At times, Daniel Pearl’s cinematography uses the steadicam to its advantage in showing the pristine suburban life of this family. However, a good chunk of the time, the camera moves uncontrollably and it becomes difficult to see what is happening. The shaky cam ultimately takes away from much of the terror. The actors do know how to handle the material, with Nicolas Cage going off his rocker as usual. Of course, Cage appears unhinged from the start. Selma Blair is impressive as she carefully makes the transition from tired mother to madwoman. Anne Winters also does a solid job as the teenage daughter, trying to make sense of all of this. Meanwhile, Lance Henriksen is fitting casting as Cage’s father.

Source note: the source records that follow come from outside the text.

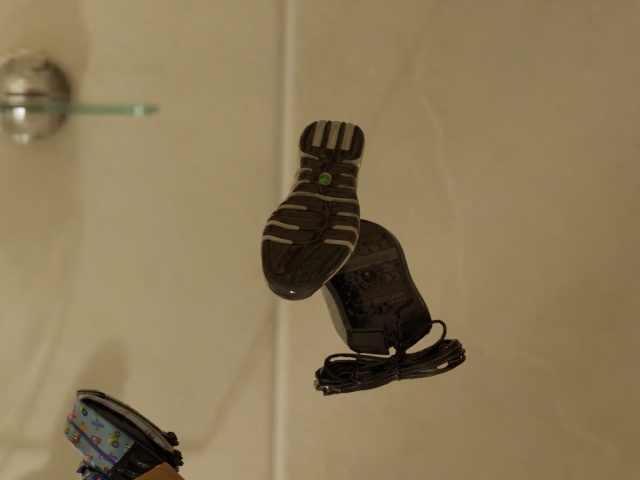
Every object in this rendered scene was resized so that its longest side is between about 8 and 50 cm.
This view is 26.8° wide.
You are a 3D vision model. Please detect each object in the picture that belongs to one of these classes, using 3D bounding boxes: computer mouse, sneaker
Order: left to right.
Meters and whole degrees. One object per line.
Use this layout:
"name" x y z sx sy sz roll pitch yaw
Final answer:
"sneaker" 0.000 0.000 1.603 0.106 0.162 0.281 11 -133 9
"computer mouse" 0.061 0.088 1.713 0.188 0.072 0.272 -12 -132 -6

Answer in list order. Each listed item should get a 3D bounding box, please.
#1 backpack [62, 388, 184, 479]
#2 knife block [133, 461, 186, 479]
"backpack" -0.290 0.289 1.882 0.173 0.117 0.158 37 178 -10
"knife block" -0.164 0.389 1.591 0.276 0.088 0.242 -24 -130 -39
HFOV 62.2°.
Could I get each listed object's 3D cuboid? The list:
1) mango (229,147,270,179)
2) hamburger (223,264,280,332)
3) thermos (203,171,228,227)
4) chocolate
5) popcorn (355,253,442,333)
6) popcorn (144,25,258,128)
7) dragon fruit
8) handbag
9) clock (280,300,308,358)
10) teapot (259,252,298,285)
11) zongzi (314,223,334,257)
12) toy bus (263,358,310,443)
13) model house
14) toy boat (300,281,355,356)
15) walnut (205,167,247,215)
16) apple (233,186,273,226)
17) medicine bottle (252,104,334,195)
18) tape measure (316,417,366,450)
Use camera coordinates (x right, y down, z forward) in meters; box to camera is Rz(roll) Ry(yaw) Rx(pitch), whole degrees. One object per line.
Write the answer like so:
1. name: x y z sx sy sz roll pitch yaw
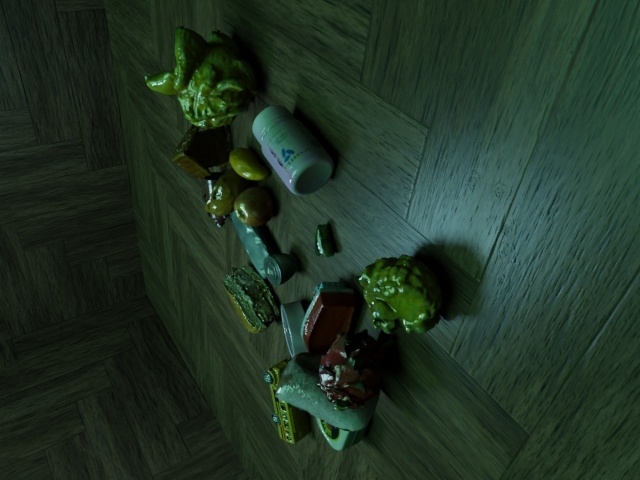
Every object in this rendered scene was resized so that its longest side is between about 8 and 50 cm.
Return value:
1. mango: -0.258 -0.266 1.868 0.190 0.098 0.075 44 151 30
2. hamburger: -0.276 0.246 2.153 0.282 0.155 0.245 23 133 59
3. thermos: -0.426 -0.160 2.214 0.124 0.099 0.232 31 131 47
4. chocolate: 0.027 0.440 1.600 0.303 0.185 0.100 22 135 12
5. popcorn: 0.190 0.133 1.267 0.218 0.169 0.189 5 110 65
6. popcorn: -0.366 -0.510 1.683 0.290 0.321 0.326 52 164 31
7. dragon fruit: 0.097 0.350 1.488 0.192 0.274 0.193 36 160 -13
8. handbag: -0.262 -0.015 2.055 0.332 0.075 0.191 58 152 16
9. clock: -0.088 0.317 1.889 0.197 0.068 0.197 168 90 -79
10. teapot: -0.138 0.103 1.872 0.111 0.108 0.149 57 144 19
11. zongzi: 0.000 0.000 1.645 0.113 0.052 0.104 -178 79 -73
12. toy bus: -0.130 0.659 2.175 0.123 0.121 0.336 14 119 46
13. model house: -0.469 -0.347 2.052 0.199 0.229 0.220 11 115 51
14. toy boat: 0.013 0.250 1.680 0.332 0.145 0.133 106 160 -43
15. walnut: -0.330 -0.162 1.946 0.087 0.167 0.211 39 120 10
16. apple: -0.237 -0.119 1.882 0.146 0.131 0.146 34 135 42
17. medicine bottle: -0.083 -0.262 1.520 0.254 0.152 0.152 55 147 26
18. tape measure: 0.060 0.585 1.820 0.235 0.115 0.207 48 139 41
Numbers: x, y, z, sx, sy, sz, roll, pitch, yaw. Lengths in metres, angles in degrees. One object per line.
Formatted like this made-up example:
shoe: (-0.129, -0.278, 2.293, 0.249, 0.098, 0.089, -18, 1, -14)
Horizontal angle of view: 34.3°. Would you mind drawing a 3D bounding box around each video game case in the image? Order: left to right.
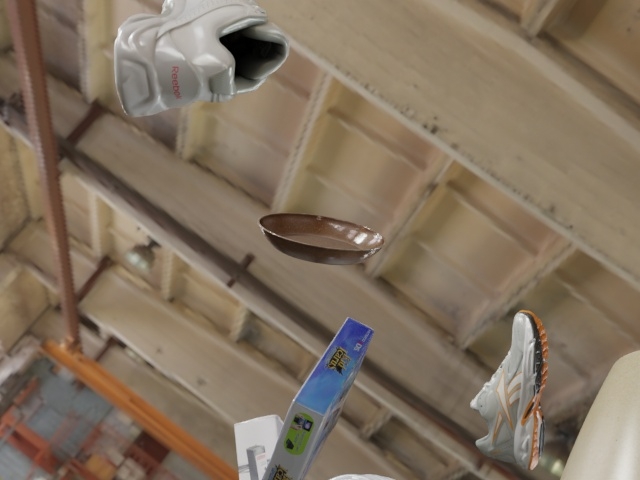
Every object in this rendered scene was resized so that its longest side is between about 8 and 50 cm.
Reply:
video game case: (-0.007, 0.298, 1.770, 0.061, 0.269, 0.244, 26, -57, 8)

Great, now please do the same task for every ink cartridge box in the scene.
ink cartridge box: (-0.091, 0.459, 1.944, 0.092, 0.218, 0.158, -13, -35, 7)

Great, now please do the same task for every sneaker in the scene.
sneaker: (-0.076, -0.162, 0.834, 0.115, 0.232, 0.090, 6, -53, 10)
sneaker: (0.308, 0.245, 1.721, 0.121, 0.262, 0.099, 4, 2, 25)

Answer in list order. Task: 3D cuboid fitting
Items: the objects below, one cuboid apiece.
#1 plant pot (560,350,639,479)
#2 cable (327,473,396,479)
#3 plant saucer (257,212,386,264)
plant pot: (0.343, 0.255, 1.016, 0.256, 0.274, 0.256, 11, -31, 7)
cable: (0.041, 0.452, 1.456, 0.089, 0.257, 0.257, 28, -14, -37)
plant saucer: (0.000, 0.000, 1.578, 0.198, 0.198, 0.036, 20, -72, 36)
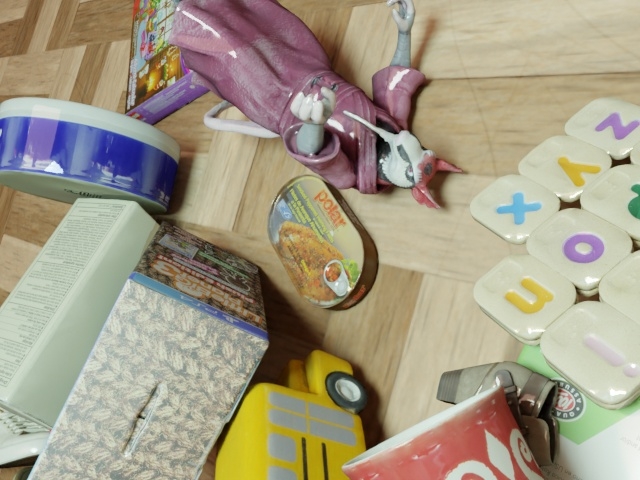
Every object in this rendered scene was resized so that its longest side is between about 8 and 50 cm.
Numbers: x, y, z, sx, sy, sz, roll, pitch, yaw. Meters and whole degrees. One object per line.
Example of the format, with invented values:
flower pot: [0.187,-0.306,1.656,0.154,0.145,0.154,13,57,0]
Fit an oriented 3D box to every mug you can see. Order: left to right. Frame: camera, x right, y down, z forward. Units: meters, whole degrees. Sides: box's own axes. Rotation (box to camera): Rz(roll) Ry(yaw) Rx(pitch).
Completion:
mug: [0.099,0.194,0.396,0.113,0.150,0.169,-24,73,-14]

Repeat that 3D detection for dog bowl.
dog bowl: [-0.352,-0.118,0.970,0.264,0.265,0.104,0,78,42]

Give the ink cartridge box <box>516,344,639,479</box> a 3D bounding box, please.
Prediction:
ink cartridge box: [0.188,0.262,0.453,0.207,0.119,0.354,28,94,45]

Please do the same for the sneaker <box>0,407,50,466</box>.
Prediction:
sneaker: [-0.520,0.319,1.079,0.290,0.106,0.123,-18,67,38]

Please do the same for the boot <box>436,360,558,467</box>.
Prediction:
boot: [0.121,0.144,0.452,0.087,0.042,0.119,2,82,37]

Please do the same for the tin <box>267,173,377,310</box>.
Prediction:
tin: [0.000,0.000,0.773,0.106,0.040,0.190,-50,49,23]

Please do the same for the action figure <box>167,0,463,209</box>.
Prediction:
action figure: [-0.014,-0.138,0.728,0.370,0.248,0.276,42,141,18]

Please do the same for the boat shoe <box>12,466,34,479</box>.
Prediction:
boat shoe: [-0.454,0.454,1.005,0.072,0.068,0.190,-52,47,31]

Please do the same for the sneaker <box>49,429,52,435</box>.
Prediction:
sneaker: [-0.367,0.304,0.954,0.118,0.107,0.279,-47,47,33]

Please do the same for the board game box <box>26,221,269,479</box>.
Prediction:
board game box: [-0.177,0.133,0.719,0.232,0.141,0.291,-62,12,7]

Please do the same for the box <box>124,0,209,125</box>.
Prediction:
box: [-0.248,-0.367,1.107,0.201,0.057,0.293,-19,63,36]

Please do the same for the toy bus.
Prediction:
toy bus: [-0.023,0.243,0.570,0.108,0.130,0.333,-59,22,30]

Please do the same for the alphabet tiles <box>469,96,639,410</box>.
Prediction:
alphabet tiles: [0.256,-0.012,0.467,0.284,0.021,0.278,-39,41,-8]

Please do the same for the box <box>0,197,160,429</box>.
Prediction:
box: [-0.349,0.097,0.911,0.148,0.121,0.311,7,58,35]

The aforementioned use of flashbacks is odd. They add little to the story, other than to pad the short 83 minute runtime. The point may have been to contrast them with the more violent scenes that take up a large portion of the film, but they are jarring more than anything else. They mainly serve as back story for the characters we don’t really need. A few of the attempts at humour do land, primarily from Cage. He is one of those actors who is able to show a sudden change of expression and emotion and do it in a funny way. Occasionally, Cage’s hammy acting can harm a film and drag it to ridiculous levels. However, Mom and Dad is already ridiculous, so his approach fits.

Despite some moments of inspiration, Mom and Dad doesn’t quite stick the landing. It thankfully manages to avoid the bad taste that could come from a concept like this, primarily because of how over-the-top it is. However, maybe this would be better served as a short film. Mom and Dad does feel stretched out as it switches between well directed scenes and more hokey moments. Is Brian Taylor trying to make a commentary on parenthood? Most likely, but the overall message gets lost in the shuffle as it also attempts to make a humourous Roger Corman-style B-movie. One merely wishes there was a bit more under the surface.